I only asked for 10 points, because I only have a few days of data on this instance. The after is the number of seconds in 7 days.

This gives me one point per day (gtime = 24 * 3600 = 86400), doing the appropriate calculations.

Thank you for the suggestions. I will look into exporting data in CSV via the REST API. I should be able to do whatever I want in Excel after I get that. I knew that there was a possibility to do this with Grafana but I wanted to avoid that if possible. Grafana is a great product but I didn’t want this to get too clunky and awkward just to see how much data is passing through the gateway. As a last resort, I will keep Grafana in mind. Truthfully, now that I have found Netdata, I just want to stay with Netdata if I can. I’m a fan.

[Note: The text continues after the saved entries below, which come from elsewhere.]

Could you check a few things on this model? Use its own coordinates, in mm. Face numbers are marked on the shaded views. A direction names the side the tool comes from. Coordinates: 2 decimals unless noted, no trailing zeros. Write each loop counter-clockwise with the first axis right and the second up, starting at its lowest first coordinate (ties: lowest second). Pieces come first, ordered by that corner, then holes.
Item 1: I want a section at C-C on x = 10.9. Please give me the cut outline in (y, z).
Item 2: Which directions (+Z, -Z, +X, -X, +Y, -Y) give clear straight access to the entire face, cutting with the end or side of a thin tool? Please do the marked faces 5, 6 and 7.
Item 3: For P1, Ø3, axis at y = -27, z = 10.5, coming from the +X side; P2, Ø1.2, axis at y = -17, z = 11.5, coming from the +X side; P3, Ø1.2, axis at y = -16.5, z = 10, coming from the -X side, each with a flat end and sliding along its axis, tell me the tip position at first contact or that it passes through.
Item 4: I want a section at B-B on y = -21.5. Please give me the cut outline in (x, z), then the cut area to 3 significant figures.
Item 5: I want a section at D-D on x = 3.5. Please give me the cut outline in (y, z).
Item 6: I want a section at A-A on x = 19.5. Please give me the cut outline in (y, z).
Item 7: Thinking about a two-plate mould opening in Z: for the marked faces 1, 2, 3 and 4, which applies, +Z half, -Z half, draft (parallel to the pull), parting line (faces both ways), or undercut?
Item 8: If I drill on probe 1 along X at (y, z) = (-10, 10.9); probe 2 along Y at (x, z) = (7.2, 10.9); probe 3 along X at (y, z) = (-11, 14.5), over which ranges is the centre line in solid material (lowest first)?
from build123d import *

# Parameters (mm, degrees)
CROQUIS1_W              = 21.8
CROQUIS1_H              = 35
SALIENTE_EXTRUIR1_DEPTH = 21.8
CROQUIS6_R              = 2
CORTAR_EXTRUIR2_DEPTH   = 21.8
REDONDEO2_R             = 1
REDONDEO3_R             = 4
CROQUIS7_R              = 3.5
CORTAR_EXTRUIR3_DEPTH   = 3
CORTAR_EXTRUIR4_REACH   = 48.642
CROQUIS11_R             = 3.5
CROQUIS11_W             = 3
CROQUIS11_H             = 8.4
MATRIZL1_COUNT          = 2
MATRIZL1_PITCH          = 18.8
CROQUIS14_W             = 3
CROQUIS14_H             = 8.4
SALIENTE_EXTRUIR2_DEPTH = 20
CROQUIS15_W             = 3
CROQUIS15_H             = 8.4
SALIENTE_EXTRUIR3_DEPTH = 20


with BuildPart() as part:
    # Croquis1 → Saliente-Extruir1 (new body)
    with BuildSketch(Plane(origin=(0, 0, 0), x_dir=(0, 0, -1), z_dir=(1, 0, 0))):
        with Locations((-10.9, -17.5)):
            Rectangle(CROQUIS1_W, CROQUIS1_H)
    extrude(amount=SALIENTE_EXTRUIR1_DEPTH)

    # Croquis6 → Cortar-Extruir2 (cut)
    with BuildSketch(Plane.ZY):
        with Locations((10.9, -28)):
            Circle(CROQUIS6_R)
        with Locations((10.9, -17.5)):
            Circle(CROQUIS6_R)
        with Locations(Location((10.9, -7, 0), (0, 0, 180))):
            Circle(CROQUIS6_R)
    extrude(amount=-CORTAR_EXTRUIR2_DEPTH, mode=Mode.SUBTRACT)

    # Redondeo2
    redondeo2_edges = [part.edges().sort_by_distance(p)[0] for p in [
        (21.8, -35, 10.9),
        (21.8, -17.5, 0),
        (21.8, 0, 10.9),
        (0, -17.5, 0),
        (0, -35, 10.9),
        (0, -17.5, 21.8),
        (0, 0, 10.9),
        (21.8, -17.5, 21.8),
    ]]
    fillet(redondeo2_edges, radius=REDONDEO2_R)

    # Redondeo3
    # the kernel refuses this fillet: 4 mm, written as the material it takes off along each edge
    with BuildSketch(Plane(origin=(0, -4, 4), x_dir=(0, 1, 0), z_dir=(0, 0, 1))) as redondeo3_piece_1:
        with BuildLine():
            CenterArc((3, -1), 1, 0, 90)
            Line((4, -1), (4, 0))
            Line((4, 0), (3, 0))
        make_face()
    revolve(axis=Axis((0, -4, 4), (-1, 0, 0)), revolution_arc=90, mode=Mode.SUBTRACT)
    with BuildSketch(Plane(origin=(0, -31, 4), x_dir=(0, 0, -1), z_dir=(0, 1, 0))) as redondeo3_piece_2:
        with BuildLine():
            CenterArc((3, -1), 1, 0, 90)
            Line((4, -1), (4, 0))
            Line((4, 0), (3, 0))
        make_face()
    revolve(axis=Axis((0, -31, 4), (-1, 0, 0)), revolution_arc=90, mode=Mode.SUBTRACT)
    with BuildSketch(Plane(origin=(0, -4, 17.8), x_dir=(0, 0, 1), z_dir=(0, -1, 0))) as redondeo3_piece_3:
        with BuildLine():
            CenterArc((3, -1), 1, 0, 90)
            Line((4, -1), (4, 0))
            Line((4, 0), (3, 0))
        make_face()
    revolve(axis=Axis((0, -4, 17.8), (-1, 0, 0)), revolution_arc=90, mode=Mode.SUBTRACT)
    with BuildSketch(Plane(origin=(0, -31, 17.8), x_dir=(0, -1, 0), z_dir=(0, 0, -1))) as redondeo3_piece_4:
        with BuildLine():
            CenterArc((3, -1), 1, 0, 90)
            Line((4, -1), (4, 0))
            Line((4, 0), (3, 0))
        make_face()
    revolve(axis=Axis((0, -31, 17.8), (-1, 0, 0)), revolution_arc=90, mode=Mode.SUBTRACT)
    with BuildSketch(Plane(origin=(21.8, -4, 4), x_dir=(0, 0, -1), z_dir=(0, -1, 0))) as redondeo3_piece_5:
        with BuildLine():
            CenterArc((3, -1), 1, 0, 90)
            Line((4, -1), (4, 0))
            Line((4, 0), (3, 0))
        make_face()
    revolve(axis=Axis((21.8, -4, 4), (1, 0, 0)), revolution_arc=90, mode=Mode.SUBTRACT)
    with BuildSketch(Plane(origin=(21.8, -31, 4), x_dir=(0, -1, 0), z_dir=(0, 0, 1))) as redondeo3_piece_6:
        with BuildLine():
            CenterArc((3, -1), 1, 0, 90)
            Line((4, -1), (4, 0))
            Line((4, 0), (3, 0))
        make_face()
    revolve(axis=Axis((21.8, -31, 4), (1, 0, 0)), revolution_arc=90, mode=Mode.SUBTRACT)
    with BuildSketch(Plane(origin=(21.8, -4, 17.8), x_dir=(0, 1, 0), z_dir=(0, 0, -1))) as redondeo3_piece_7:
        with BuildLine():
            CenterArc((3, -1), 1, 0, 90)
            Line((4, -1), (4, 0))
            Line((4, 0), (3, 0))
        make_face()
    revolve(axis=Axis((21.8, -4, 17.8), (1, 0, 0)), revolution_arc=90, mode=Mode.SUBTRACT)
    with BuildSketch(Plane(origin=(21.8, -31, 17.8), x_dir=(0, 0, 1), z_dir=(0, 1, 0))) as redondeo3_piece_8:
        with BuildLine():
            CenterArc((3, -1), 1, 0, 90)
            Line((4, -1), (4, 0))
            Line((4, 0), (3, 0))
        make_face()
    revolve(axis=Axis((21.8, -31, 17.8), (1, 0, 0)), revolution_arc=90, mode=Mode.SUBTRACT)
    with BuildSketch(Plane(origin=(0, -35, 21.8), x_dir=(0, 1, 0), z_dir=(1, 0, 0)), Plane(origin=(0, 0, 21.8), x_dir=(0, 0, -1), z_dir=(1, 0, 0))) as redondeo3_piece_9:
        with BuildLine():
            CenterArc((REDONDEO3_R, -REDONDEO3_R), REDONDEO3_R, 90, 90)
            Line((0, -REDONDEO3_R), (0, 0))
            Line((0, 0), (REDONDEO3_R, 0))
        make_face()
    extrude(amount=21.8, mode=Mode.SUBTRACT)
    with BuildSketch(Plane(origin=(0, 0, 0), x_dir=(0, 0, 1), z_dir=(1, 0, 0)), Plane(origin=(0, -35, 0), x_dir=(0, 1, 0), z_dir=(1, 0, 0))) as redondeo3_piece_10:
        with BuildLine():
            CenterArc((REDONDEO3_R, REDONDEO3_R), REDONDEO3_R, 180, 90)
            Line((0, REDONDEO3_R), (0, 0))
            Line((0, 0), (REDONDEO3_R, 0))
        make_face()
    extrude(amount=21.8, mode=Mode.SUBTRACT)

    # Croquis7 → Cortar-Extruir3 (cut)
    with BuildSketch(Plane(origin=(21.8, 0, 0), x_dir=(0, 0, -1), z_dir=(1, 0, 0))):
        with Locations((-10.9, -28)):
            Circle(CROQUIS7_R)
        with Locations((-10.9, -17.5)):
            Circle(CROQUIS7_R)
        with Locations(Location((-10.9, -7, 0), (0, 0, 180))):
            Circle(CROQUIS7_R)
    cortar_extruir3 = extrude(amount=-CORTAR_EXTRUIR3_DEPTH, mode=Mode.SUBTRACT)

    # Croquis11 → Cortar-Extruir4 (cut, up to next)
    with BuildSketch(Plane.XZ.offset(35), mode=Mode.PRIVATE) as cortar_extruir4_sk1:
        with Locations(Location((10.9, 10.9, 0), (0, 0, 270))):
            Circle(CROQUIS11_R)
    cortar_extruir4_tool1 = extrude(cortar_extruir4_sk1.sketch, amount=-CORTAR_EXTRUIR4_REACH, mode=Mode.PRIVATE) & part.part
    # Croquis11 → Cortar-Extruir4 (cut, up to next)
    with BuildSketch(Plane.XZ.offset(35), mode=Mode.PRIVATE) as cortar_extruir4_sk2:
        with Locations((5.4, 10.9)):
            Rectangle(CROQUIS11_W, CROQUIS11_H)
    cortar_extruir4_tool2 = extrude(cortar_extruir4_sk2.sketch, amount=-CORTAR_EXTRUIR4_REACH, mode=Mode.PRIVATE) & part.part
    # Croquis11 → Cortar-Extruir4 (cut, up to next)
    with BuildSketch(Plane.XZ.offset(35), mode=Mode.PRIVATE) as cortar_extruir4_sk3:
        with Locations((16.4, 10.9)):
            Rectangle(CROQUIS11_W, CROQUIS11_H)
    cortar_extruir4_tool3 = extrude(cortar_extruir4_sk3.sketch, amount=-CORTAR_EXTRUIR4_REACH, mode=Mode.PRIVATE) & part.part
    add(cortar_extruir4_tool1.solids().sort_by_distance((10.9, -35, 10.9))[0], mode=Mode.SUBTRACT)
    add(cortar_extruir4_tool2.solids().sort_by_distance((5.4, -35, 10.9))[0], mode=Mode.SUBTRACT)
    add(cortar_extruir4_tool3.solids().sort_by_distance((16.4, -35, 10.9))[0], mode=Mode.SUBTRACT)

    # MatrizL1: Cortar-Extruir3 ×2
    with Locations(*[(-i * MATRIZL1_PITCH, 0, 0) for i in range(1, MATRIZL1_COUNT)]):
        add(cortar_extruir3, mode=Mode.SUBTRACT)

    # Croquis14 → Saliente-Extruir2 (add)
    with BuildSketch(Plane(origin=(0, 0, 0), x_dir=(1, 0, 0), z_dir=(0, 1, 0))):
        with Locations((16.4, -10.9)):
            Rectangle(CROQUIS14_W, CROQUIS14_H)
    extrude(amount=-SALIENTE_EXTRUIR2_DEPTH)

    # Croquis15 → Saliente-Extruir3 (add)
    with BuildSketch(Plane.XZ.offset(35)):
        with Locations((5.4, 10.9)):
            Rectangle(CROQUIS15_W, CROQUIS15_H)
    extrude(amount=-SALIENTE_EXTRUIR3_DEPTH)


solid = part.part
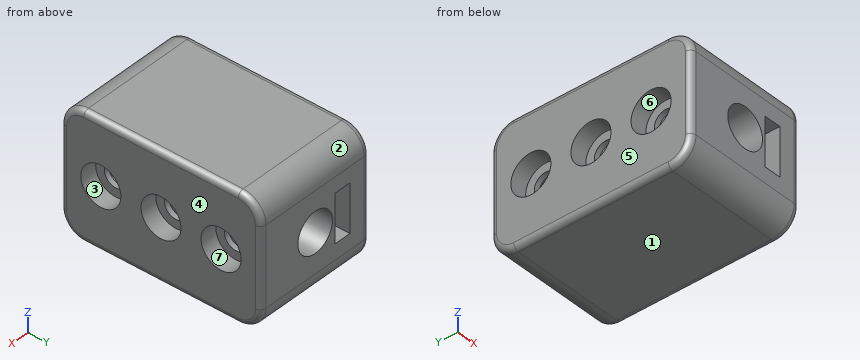
Response values:
1. outline: (-35, 4) arc R4 ccw to (-31, 0) - (-4, 0) arc R4 ccw to (0, 4) - (0, 7.4) - (-35, 7.4) - close; (-35, 14.4) - (0, 14.4) - (0, 17.8) arc R4 ccw to (-4, 21.8) - (-31, 21.8) arc R4 ccw to (-35, 17.8) - close
2. face 5: +Z, -Z, -X, +Y, -Y
2. face 6: -X
2. face 7: +X
3. P1: stops at x = 18.8
3. P2: stops at x = 17.9
3. P3: stops at x = 3.9
4. outline: (0, 1) arc R1 ccw to (1, 0) - (20.8, 0) arc R1 ccw to (21.8, 1) - (21.8, 20.8) arc R1 ccw to (20.8, 21.8) - (1, 21.8) arc R1 ccw to (0, 20.8) - close; hole circle Ø7 at (10.9, 10.9); hole (14.9, 6.7) - (17.9, 6.7) - (17.9, 15.1) - (14.9, 15.1) - close
4. area: 411 mm2
5. outline: (-35, 4) arc R4 ccw to (-31, 0) - (-4, 0) arc R4 ccw to (0, 4) - (0, 17.8) arc R4 ccw to (-4, 21.8) - (-31, 21.8) arc R4 ccw to (-35, 17.8) - close; hole circle Ø4 at (-28, 10.9); hole circle Ø4 at (-17.5, 10.9); hole circle Ø4 at (-7, 10.9)
6. outline: (-35, 4) arc R4 ccw to (-31, 0) - (-4, 0) arc R4 ccw to (0, 4) - (0, 17.8) arc R4 ccw to (-4, 21.8) - (-31, 21.8) arc R4 ccw to (-35, 17.8) - close; hole circle Ø7 at (-28, 10.9); hole circle Ø7 at (-17.5, 10.9); hole circle Ø7 at (-7, 10.9)
7. face 1: -Z half
7. face 2: +Z half
7. face 3: undercut
7. face 4: draft
8. probe 1: x = 3 to 3.9, 6.9 to 7.4, 14.4 to 18.8
8. probe 2: y = -35 to -30, -26 to -19.5, -15.5 to -9, -5 to 0
8. probe 3: x = 0 to 3.9, 6.9 to 21.8

I have created a feature request for aggregation across time: [Feat]: Ability to Aggregate Across Time in Chart · Issue #14102 · netdata/netdata · GitHub

I am very impressed with the responsiveness of the people here. I can’t thank you enough. You have been very helpful!

The feature request for multiple OIDs in the config is here: [Feat]: Extend the configuration to allow setting multiple OIDs · Issue #14096 · netdata/netdata · GitHub

I’ll check into this too. Thanks!

@BigPines hey! if you are pulling from local agent api and would rather use something like Pandas dataframes in Python that might help take some of the pain out of things (depending on your set up).

Basically you could have a little python script that pulls from agent api what you need into a nice Pandas DataFrame which you can easily then save as CSV or anything else if you want for visualizing it etc.

Have a look and would be happy to help you out at bit if needed.

Thanks! I will look at this too. I’ll check everything available.